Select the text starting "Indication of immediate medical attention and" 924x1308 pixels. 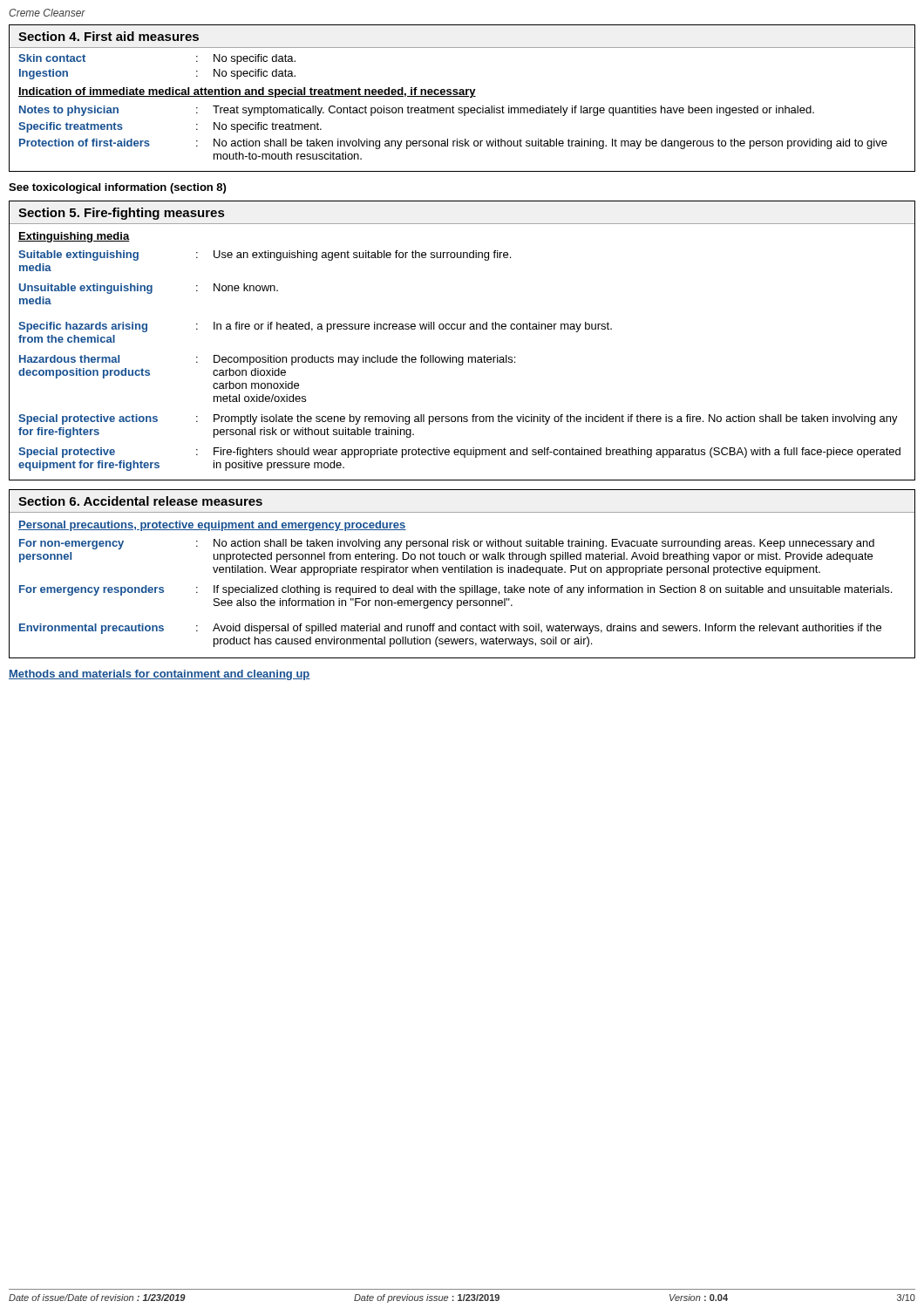(247, 91)
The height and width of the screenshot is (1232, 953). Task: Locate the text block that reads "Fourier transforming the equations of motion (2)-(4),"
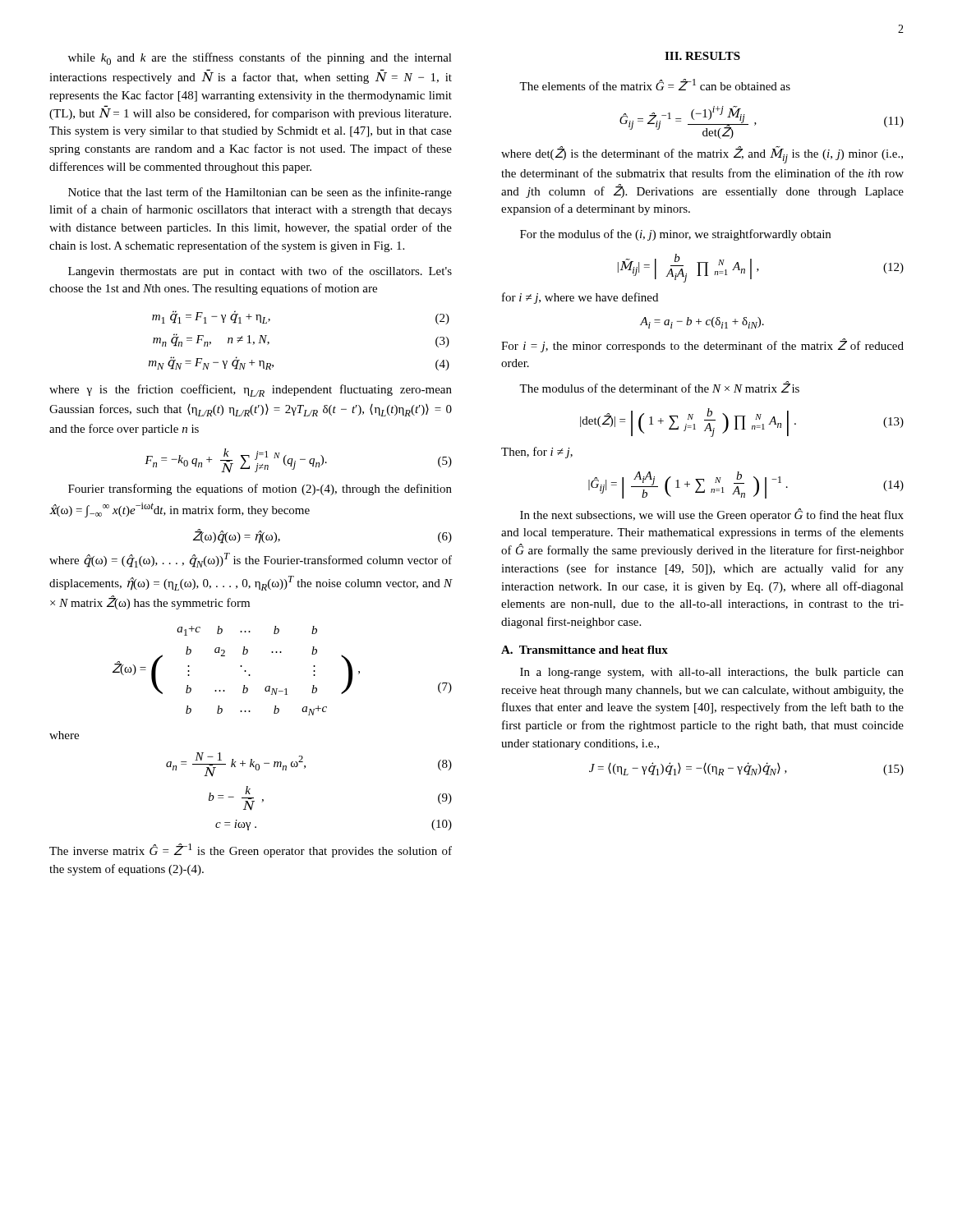tap(251, 501)
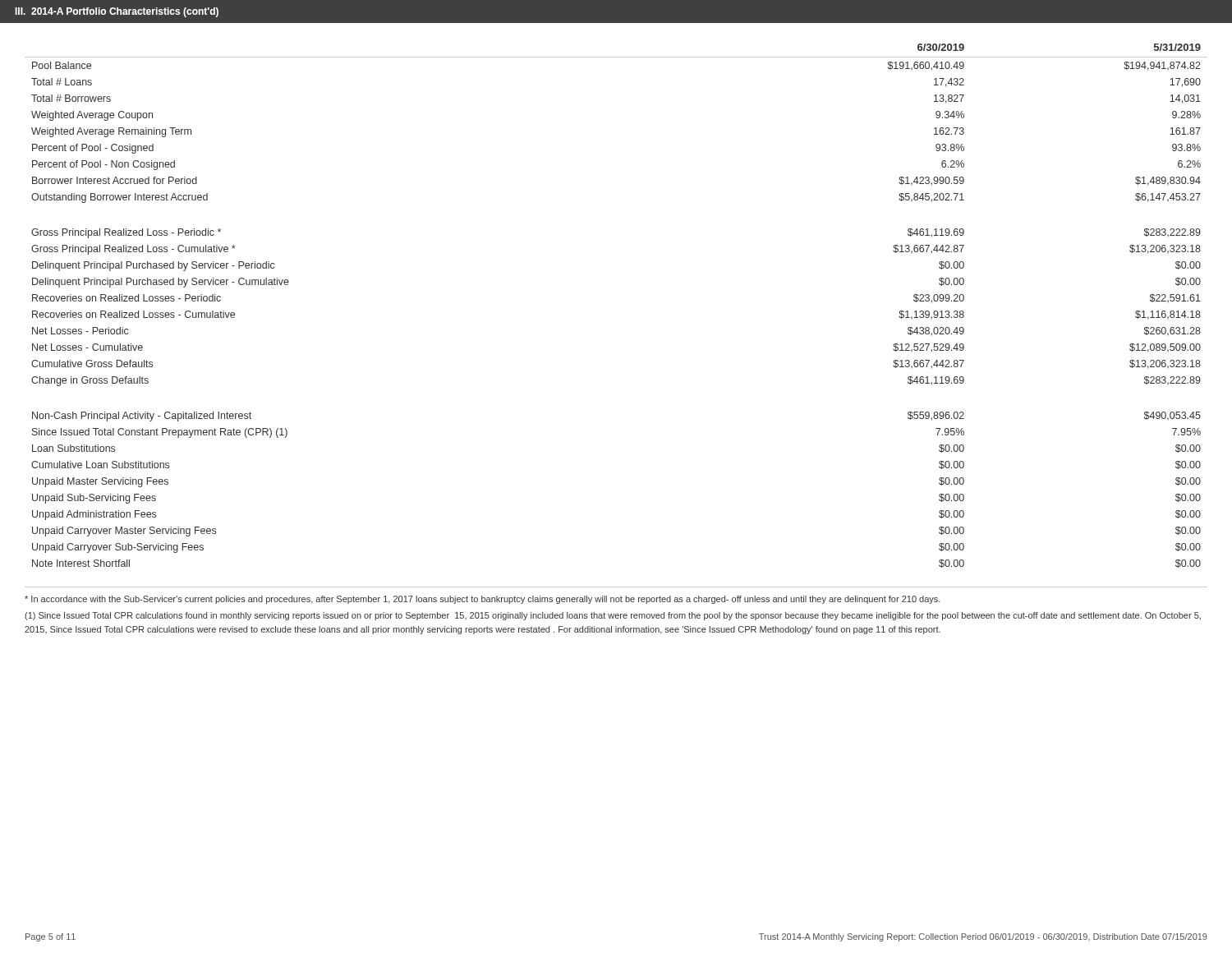The height and width of the screenshot is (953, 1232).
Task: Select the text starting "(1) Since Issued Total"
Action: (x=613, y=622)
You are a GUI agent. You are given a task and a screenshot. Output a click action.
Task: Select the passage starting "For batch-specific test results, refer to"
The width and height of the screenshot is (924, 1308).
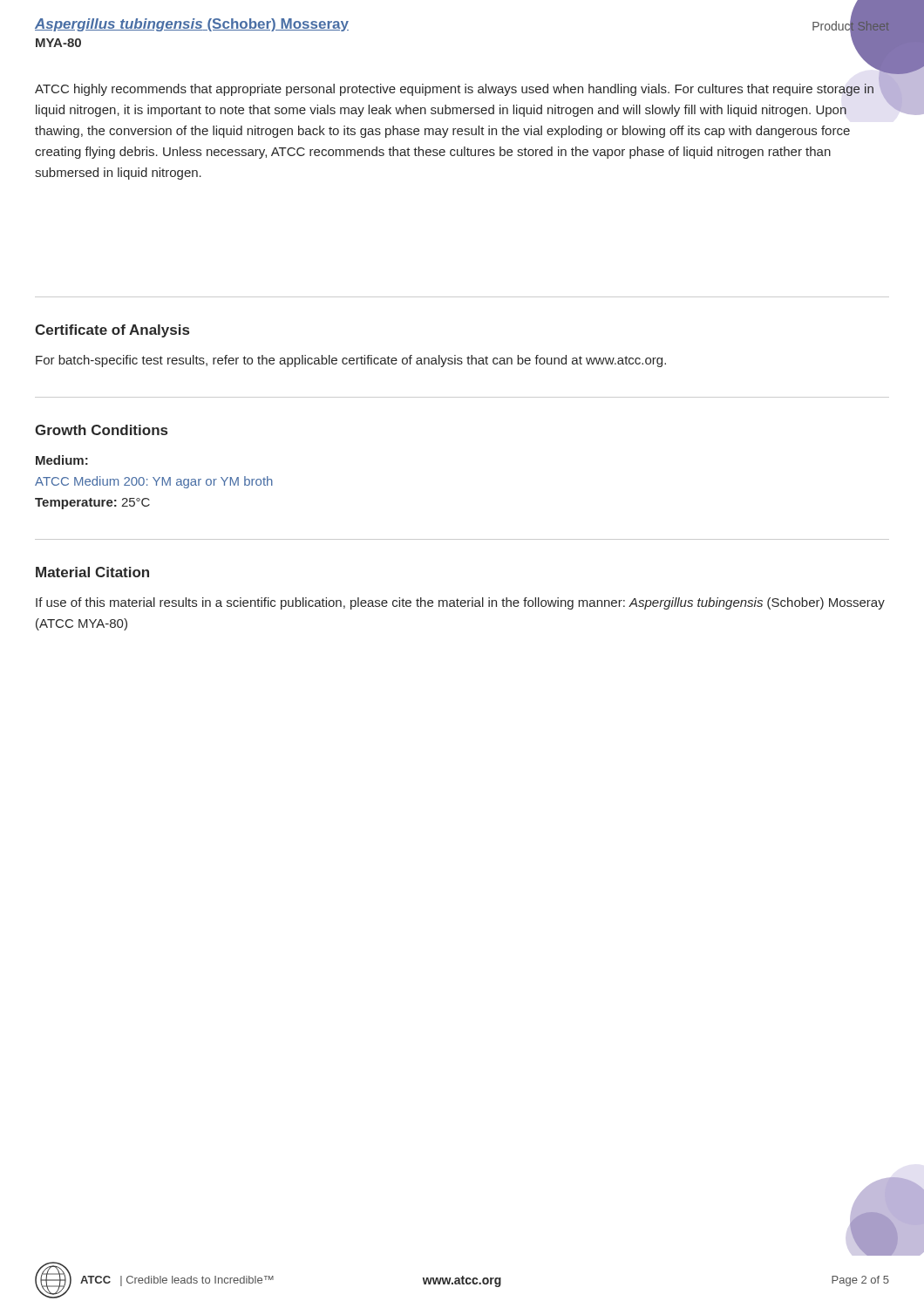(351, 360)
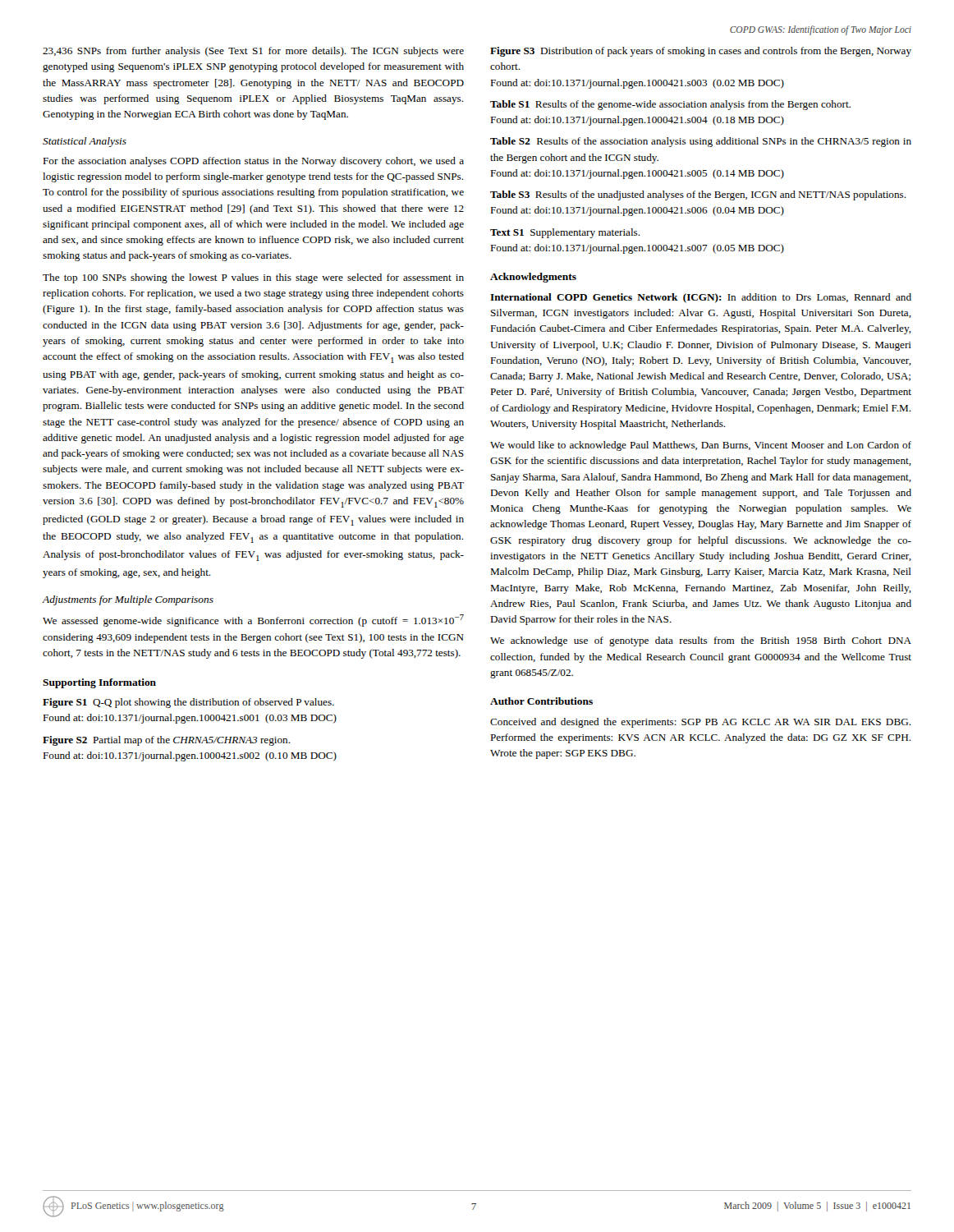Find the block on this page that starts "International COPD Genetics Network (ICGN): In addition"
This screenshot has height=1232, width=954.
[701, 485]
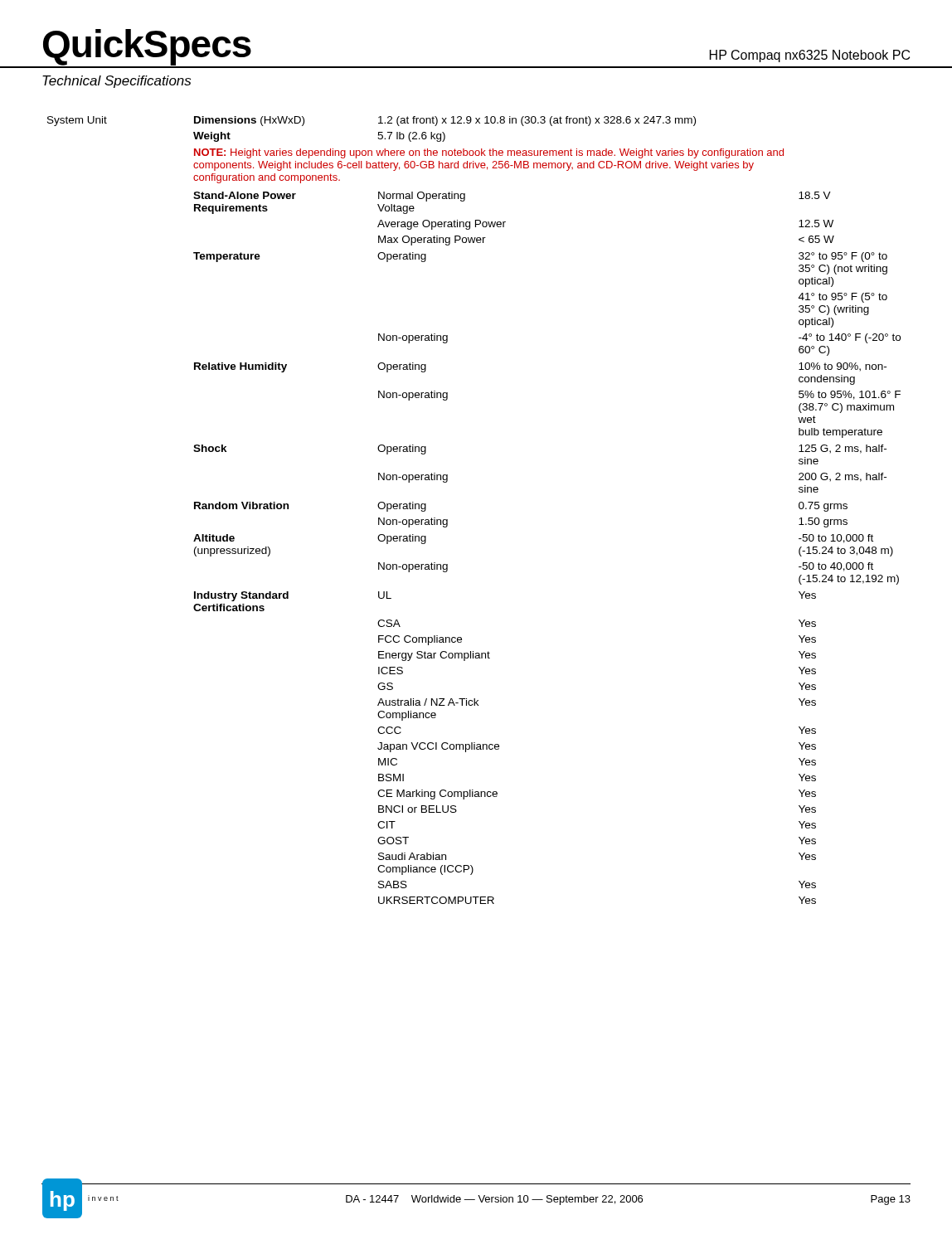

★ ★ ★

Find the line that contains "Task: Select the passage" and repeat it, along with every line after it to the end of the data, exactly; drop the pictures.

Task: Select the passage starting "For batch-specific test results, refer to"
The width and height of the screenshot is (924, 1308).
(351, 360)
Find the block on this page that starts "International COPD Genetics Network (ICGN): In addition"
This screenshot has height=1232, width=954.
[701, 485]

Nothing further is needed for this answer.